Output the lines of the records exactly, from the first through the one containing "blk.add_point(p, dxfattribs=at)". Omit all pictures.

Stored items from a collection:

════════

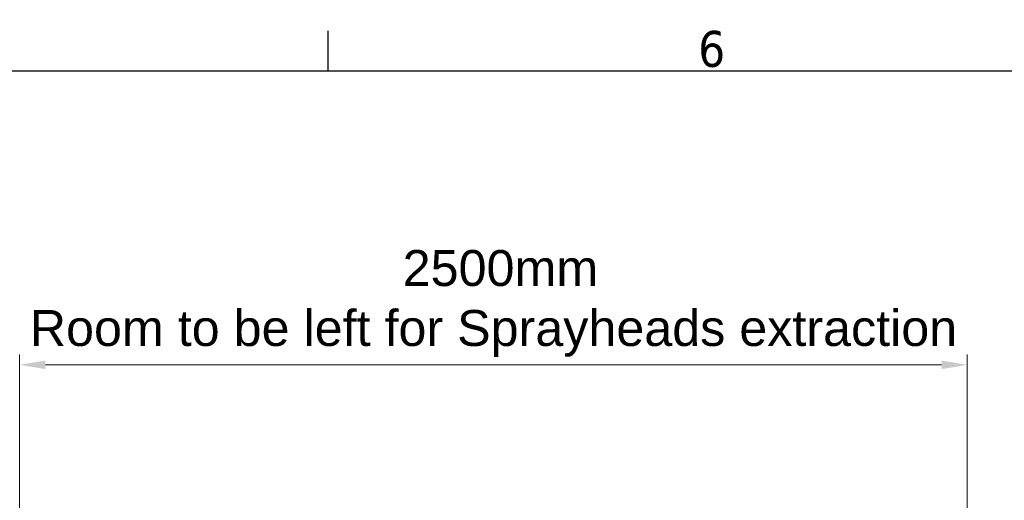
# Model space of a CAD drawing. Header units: millimetres. Extents: x 0 to 7128, y 0 to 5040.
# Tile 141 of 215: x 1422 to 2571, y 4419 to 4980. Entities that reach past the tile are written whole.
import ezdxf

# ---------------------------------------------------------------- set-up
doc = ezdxf.new("R2010")
doc.units = ezdxf.units.MM
doc.header["$LTSCALE"] = 12
doc.layers.get('0').update_dxf_attribs({"lineweight": 25})
doc.layers.add('Geometria schizzo (ISO)', color=7, linetype='Continuous', lineweight=25)
doc.layers.add('Simbolo (ISO)', color=7, linetype='Continuous', lineweight=25)
doc.layers.add('Quote(ISO)', color=7, linetype='Continuous', lineweight=25, true_color=0x80ff00)
doc.styles.add('Corrente-BSI', font='arial.ttf')
doc.styles.add('Testo nota (ISO)', font='tahoma.ttf')
doc.dimstyles.new('DEFAULT-ISO', dxfattribs={"dimscale": 12, "dimtxt": 3.5, "dimasz": 2.5, "dimexe": 1, "dimexo": 1, "dimgap": 0.762, "dimtad": 1, "dimtoh": 1, "dimrnd": 1e-08, "dimtxsty": 'Corrente-BSI', "dimcen": 0.09, "dimdle": 10, "dimclrd": 7, "dimclre": 7, "dimclrt": 7, "dimazin": 2, "dimtfac": 0.571429, "dimtmove": 0, "dimatfit": 3, "dimfxl": 1, "dimtolj": 1, "dimlwd": 5, "dimlwe": 5, "dimarcsym": 0})

# ---------------------------------------------------------------- blocks, each defined once
blk = doc.blocks.new('Bordi Bordo di default')
at = {"layer": 'Geometria schizzo (ISO)'}
blk.add_line((148.5, 410), (148.5, 413.9), dxfattribs=at)
at = {"layer": 'Geometria schizzo (ISO)', "flags": 128}
blk.add_lwpolyline([(10, 10), (10, 410), (584, 410), (584, 10), (10, 10)], dxfattribs=at)
at = {"layer": 'Simbolo (ISO)', "insert": (184.508, 410.326), "char_height": 3.5, "attachment_point": 7, "style": 'Testo nota (ISO)'}
blk.add_mtext('6', dxfattribs=at)
blk = doc.blocks.new('*D41')
at = {"layer": 'Defpoints', "color": 0, "linetype": 'Continuous', "transparency": 16777216}
for p in [(2528.2, 4576.8), (1422, 4196.3), (2528.2, 3952.8)]:
    blk.add_point(p, dxfattribs=at)
at = {"layer": 'Quote(ISO)', "color": 7, "linetype": 'Continuous', "lineweight": 5, "transparency": 16777216}
for p, q in [((1422, 4208.3), (1422, 4588.8)), ((2528.2, 3964.8), (2528.2, 4588.8)), ((1452, 4576.8), (2498.2, 4576.8))]:
    blk.add_line(p, q, dxfattribs=at)
at = {"layer": 'Quote(ISO)', "color": 7, "linetype": 'Continuous', "transparency": 16777216}
for points in [[(1452, 4581.8), (1452, 4571.8), (1422, 4576.8)], [(2498.2, 4581.8), (2498.2, 4571.8), (2528.2, 4576.8)]]:
    blk.add_solid(points, dxfattribs=at)
at = {"layer": 'Quote(ISO)', "color": 7, "linetype": 'Continuous', "lineweight": 9, "transparency": 16777216, "insert": (1975.1, 4648.5), "char_height": 42, "attachment_point": 5, "style": 'Corrente-BSI'}
blk.add_mtext('\\A1; \\fArial|b0|i0;2500mm\\P\\fArial|b0|i0;Room to be left for Sprayheads extraction', dxfattribs=at)

msp = doc.modelspace()

# ---------------------------------------------------------------- block references
at = {"xscale": 12, "yscale": 12, "zscale": 12}
msp.add_blockref('Bordi Bordo di default', (0, 0), dxfattribs=at)

# ---------------------------------------------------------------- dimensions: what is measured, and where the dimension line sits
at = {"layer": 'Quote(ISO)', "color": 7, "linetype": 'Continuous', "lineweight": 9}
dim = msp.add_linear_dim(base=(2528.216, 4576.753), p1=(1422.047, 4196.283), p2=(2528.216, 3952.753), angle=180, text=' \\fArial|b0|i0;2500mm\\P\\fArial|b0|i0;Room to be left for Sprayheads extraction', dimstyle='DEFAULT-ISO', override={"dimgap": 0.762, "dimtoh": 0, "dimdec": 0, "dimlfac": 2, "dimtol": 0, "dimlim": 0, "dimtp": 0, "dimtm": 0, "dimtdec": 0, "dimtofl": 0, "dimatfit": 1}, dxfattribs=at)
dim.commit()
dim.dimension.update_dxf_attribs({"geometry": '*D41', "text_midpoint": (1975.131, 4576.753), "dimtype": 160})

doc.saveas('drawing.dxf')

════════

§ **Completed exercise**:
# Model space of a CAD drawing. Header units: millimetres. Extents: x 0 to 7128, y 0 to 5040.
# Tile 141 of 215: x 1422 to 2571, y 4419 to 4980. Entities that reach past the tile are written whole.
import ezdxf

# ---------------------------------------------------------------- set-up
doc = ezdxf.new("R2010")
doc.units = ezdxf.units.MM
doc.header["$LTSCALE"] = 12
doc.layers.get('0').update_dxf_attribs({"lineweight": 25})
doc.layers.add('Geometria schizzo (ISO)', color=7, linetype='Continuous', lineweight=25)
doc.layers.add('Simbolo (ISO)', color=7, linetype='Continuous', lineweight=25)
doc.layers.add('Quote(ISO)', color=7, linetype='Continuous', lineweight=25, true_color=0x80ff00)
doc.styles.add('Corrente-BSI', font='arial.ttf')
doc.styles.add('Testo nota (ISO)', font='tahoma.ttf')
doc.dimstyles.new('DEFAULT-ISO', dxfattribs={"dimscale": 12, "dimtxt": 3.5, "dimasz": 2.5, "dimexe": 1, "dimexo": 1, "dimgap": 0.762, "dimtad": 1, "dimtoh": 1, "dimrnd": 1e-08, "dimtxsty": 'Corrente-BSI', "dimcen": 0.09, "dimdle": 10, "dimclrd": 7, "dimclre": 7, "dimclrt": 7, "dimazin": 2, "dimtfac": 0.571429, "dimtmove": 0, "dimatfit": 3, "dimfxl": 1, "dimtolj": 1, "dimlwd": 5, "dimlwe": 5, "dimarcsym": 0})

# ---------------------------------------------------------------- blocks, each defined once
blk = doc.blocks.new('Bordi Bordo di default')
at = {"layer": 'Geometria schizzo (ISO)'}
blk.add_line((148.5, 410), (148.5, 413.9), dxfattribs=at)
at = {"layer": 'Geometria schizzo (ISO)', "flags": 128}
blk.add_lwpolyline([(10, 10), (10, 410), (584, 410), (584, 10), (10, 10)], dxfattribs=at)
at = {"layer": 'Simbolo (ISO)', "insert": (184.508, 410.326), "char_height": 3.5, "attachment_point": 7, "style": 'Testo nota (ISO)'}
blk.add_mtext('6', dxfattribs=at)
blk = doc.blocks.new('*D41')
at = {"layer": 'Defpoints', "color": 0, "linetype": 'Continuous', "transparency": 16777216}
for p in [(2528.2, 4576.8), (1422, 4196.3), (2528.2, 3952.8)]:
    blk.add_point(p, dxfattribs=at)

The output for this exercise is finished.